▶ _WHAT THE TASK REQUIRES_
In your copy, include every record exactly and no pictures.

▶ _RECORDS PROVIDED_

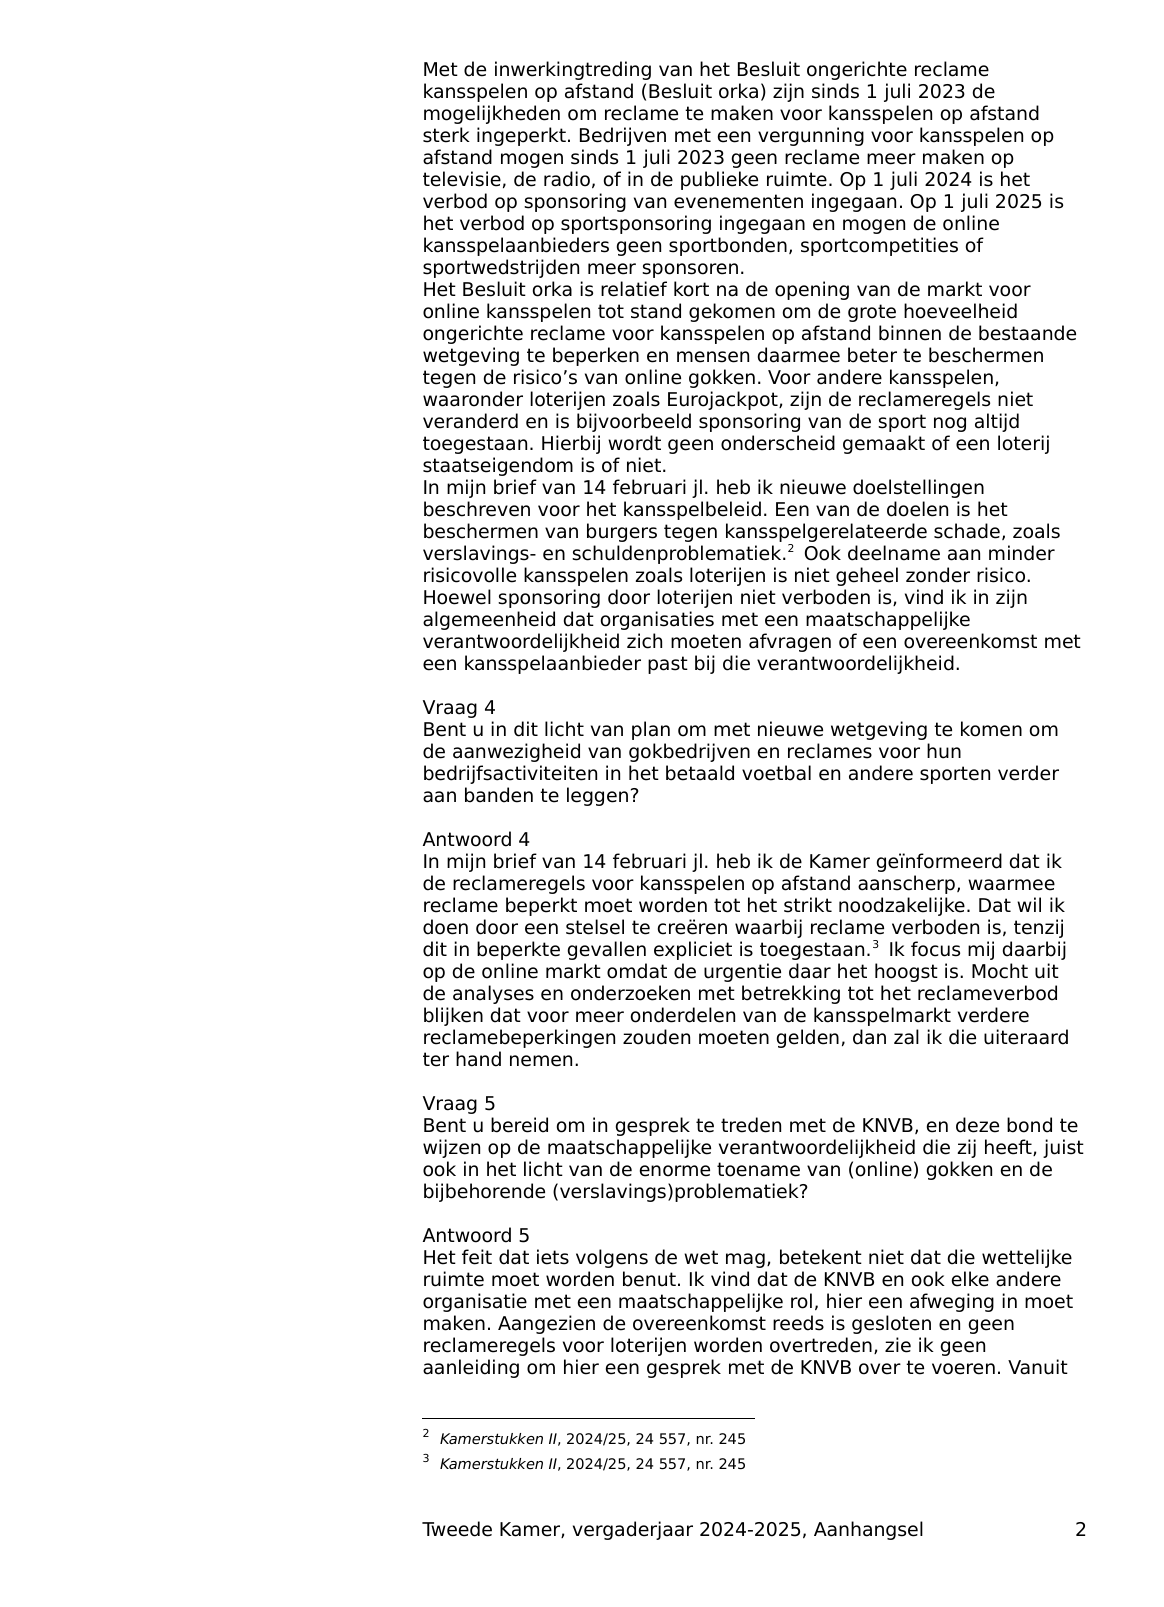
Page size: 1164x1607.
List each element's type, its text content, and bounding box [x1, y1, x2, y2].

text Het feit dat iets volgens de wet mag, betekent niet dat die wettelijke ruimte moet worden benut. Ik vind dat de KNVB en ook elke andere organisatie met een maatschappelijke rol, hier een afweging in moet maken. Aangezien de overeenkomst reeds is gesloten en geen reclameregels voor loterijen worden overtreden, zie ik geen aanleiding om hier een gesprek met de KNVB over te voeren. Vanuit [422, 1247, 1087, 1379]
text Het Besluit orka is relatief kort na de opening van de markt voor online kansspelen tot stand gekomen om de grote hoeveelheid ongerichte reclame voor kansspelen op afstand binnen de bestaande wetgeving te beperken en mensen daarmee beter te beschermen tegen de risico’s van online gokken. Voor andere kansspelen, waaronder loterijen zoals Eurojackpot, zijn de reclameregels niet veranderd en is bijvoorbeeld sponsoring van de sport nog altijd toegestaan. Hierbij wordt geen onderscheid gemaakt of een loterij staatseigendom is of niet. [422, 279, 1087, 477]
text In mijn brief van 14 februari jl. heb ik nieuwe doelstellingen beschreven voor het kansspelbeleid. Een van de doelen is het beschermen van burgers tegen kansspelgerelateerde schade, zoals verslavings- en schuldenproblematiek. Ook deelname aan minder risicovolle kansspelen zoals loterijen is niet geheel zonder risico. Hoewel sponsoring door loterijen niet verboden is, vind ik in zijn algemeenheid dat organisaties met een maatschappelijke verantwoordelijkheid zich moeten afvragen of een overeenkomst met een kansspelaanbieder past bij die verantwoordelijkheid. [422, 477, 1087, 674]
text In mijn brief van 14 februari jl. heb ik de Kamer geïnformeerd dat ik de reclameregels voor kansspelen op afstand aanscherp, waarmee reclame beperkt moet worden tot het strikt noodzakelijke. Dat wil ik doen door een stelsel te creëren waarbij reclame verboden is, tenzij dit in beperkte gevallen expliciet is toegestaan. Ik focus mij daarbij op de online markt omdat de urgentie daar het hoogst is. Mocht uit de analyses en onderzoeken met betrekking tot het reclameverbod blijken dat voor meer onderdelen van de kansspelmarkt verdere reclamebeperkingen zouden moeten gelden, dan zal ik die uiteraard ter hand nemen. [422, 851, 1087, 1071]
text Antwoord 4 [422, 829, 1087, 851]
text Bent u in dit licht van plan om met nieuwe wetgeving te komen om de aanwezigheid van gokbedrijven en reclames voor hun bedrijfsactiviteiten in het betaald voetbal en andere sporten verder aan banden te leggen? [422, 719, 1087, 807]
text Kamerstukken II, 2024/25, 24 557, nr. 245 [422, 1452, 1087, 1474]
text Bent u bereid om in gesprek te treden met de KNVB, en deze bond te wijzen op de maatschappelijke verantwoordelijkheid die zij heeft, juist ook in het licht van de enorme toename van (online) gokken en de bijbehorende (verslavings)problematiek? [422, 1115, 1087, 1203]
text Vraag 5 [422, 1093, 1087, 1115]
text Antwoord 5 [422, 1225, 1087, 1247]
text Kamerstukken II, 2024/25, 24 557, nr. 245 [422, 1427, 1087, 1449]
text Vraag 4 [422, 697, 1087, 719]
text Met de inwerkingtreding van het Besluit ongerichte reclame kansspelen op afstand (Besluit orka) zijn sinds 1 juli 2023 de mogelijkheden om reclame te maken voor kansspelen op afstand sterk ingeperkt. Bedrijven met een vergunning voor kansspelen op afstand mogen sinds 1 juli 2023 geen reclame meer maken op televisie, de radio, of in de publieke ruimte. Op 1 juli 2024 is het verbod op sponsoring van evenementen ingegaan. Op 1 juli 2025 is het verbod op sportsponsoring ingegaan en mogen de online kansspelaanbieders geen sportbonden, sportcompetities of sportwedstrijden meer sponsoren. [422, 59, 1087, 279]

▶ _WRITTEN SOLUTION_
Page size: 1164x1607.
List each element's type, its text content, and bounding box [x1, y1, x2, y2].

text Het feit dat iets volgens de wet mag, betekent niet dat die wettelijke ruimte moet worden benut. Ik vind dat de KNVB en ook elke andere organisatie met een maatschappelijke rol, hier een afweging in moet maken. Aangezien de overeenkomst reeds is gesloten en geen reclameregels voor loterijen worden overtreden, zie ik geen aanleiding om hier een gesprek met de KNVB over te voeren. Vanuit [422, 1247, 1087, 1379]
text Het Besluit orka is relatief kort na de opening van de markt voor online kansspelen tot stand gekomen om de grote hoeveelheid ongerichte reclame voor kansspelen op afstand binnen de bestaande wetgeving te beperken en mensen daarmee beter te beschermen tegen de risico’s van online gokken. Voor andere kansspelen, waaronder loterijen zoals Eurojackpot, zijn de reclameregels niet veranderd en is bijvoorbeeld sponsoring van de sport nog altijd toegestaan. Hierbij wordt geen onderscheid gemaakt of een loterij staatseigendom is of niet. [422, 279, 1087, 477]
text In mijn brief van 14 februari jl. heb ik nieuwe doelstellingen beschreven voor het kansspelbeleid. Een van de doelen is het beschermen van burgers tegen kansspelgerelateerde schade, zoals verslavings- en schuldenproblematiek. Ook deelname aan minder risicovolle kansspelen zoals loterijen is niet geheel zonder risico. Hoewel sponsoring door loterijen niet verboden is, vind ik in zijn algemeenheid dat organisaties met een maatschappelijke verantwoordelijkheid zich moeten afvragen of een overeenkomst met een kansspelaanbieder past bij die verantwoordelijkheid. [422, 477, 1087, 674]
text In mijn brief van 14 februari jl. heb ik de Kamer geïnformeerd dat ik de reclameregels voor kansspelen op afstand aanscherp, waarmee reclame beperkt moet worden tot het strikt noodzakelijke. Dat wil ik doen door een stelsel te creëren waarbij reclame verboden is, tenzij dit in beperkte gevallen expliciet is toegestaan. Ik focus mij daarbij op de online markt omdat de urgentie daar het hoogst is. Mocht uit de analyses en onderzoeken met betrekking tot het reclameverbod blijken dat voor meer onderdelen van de kansspelmarkt verdere reclamebeperkingen zouden moeten gelden, dan zal ik die uiteraard ter hand nemen. [422, 851, 1087, 1071]
text Antwoord 4 [422, 829, 1087, 851]
text Bent u in dit licht van plan om met nieuwe wetgeving te komen om de aanwezigheid van gokbedrijven en reclames voor hun bedrijfsactiviteiten in het betaald voetbal en andere sporten verder aan banden te leggen? [422, 719, 1087, 807]
text Kamerstukken II, 2024/25, 24 557, nr. 245 [422, 1452, 1087, 1474]
text Bent u bereid om in gesprek te treden met de KNVB, en deze bond te wijzen op de maatschappelijke verantwoordelijkheid die zij heeft, juist ook in het licht van de enorme toename van (online) gokken en de bijbehorende (verslavings)problematiek? [422, 1115, 1087, 1203]
text Vraag 5 [422, 1093, 1087, 1115]
text Antwoord 5 [422, 1225, 1087, 1247]
text Kamerstukken II, 2024/25, 24 557, nr. 245 [422, 1427, 1087, 1449]
text Vraag 4 [422, 697, 1087, 719]
text Met de inwerkingtreding van het Besluit ongerichte reclame kansspelen op afstand (Besluit orka) zijn sinds 1 juli 2023 de mogelijkheden om reclame te maken voor kansspelen op afstand sterk ingeperkt. Bedrijven met een vergunning voor kansspelen op afstand mogen sinds 1 juli 2023 geen reclame meer maken op televisie, de radio, of in de publieke ruimte. Op 1 juli 2024 is het verbod op sponsoring van evenementen ingegaan. Op 1 juli 2025 is het verbod op sportsponsoring ingegaan en mogen de online kansspelaanbieders geen sportbonden, sportcompetities of sportwedstrijden meer sponsoren. [422, 59, 1087, 279]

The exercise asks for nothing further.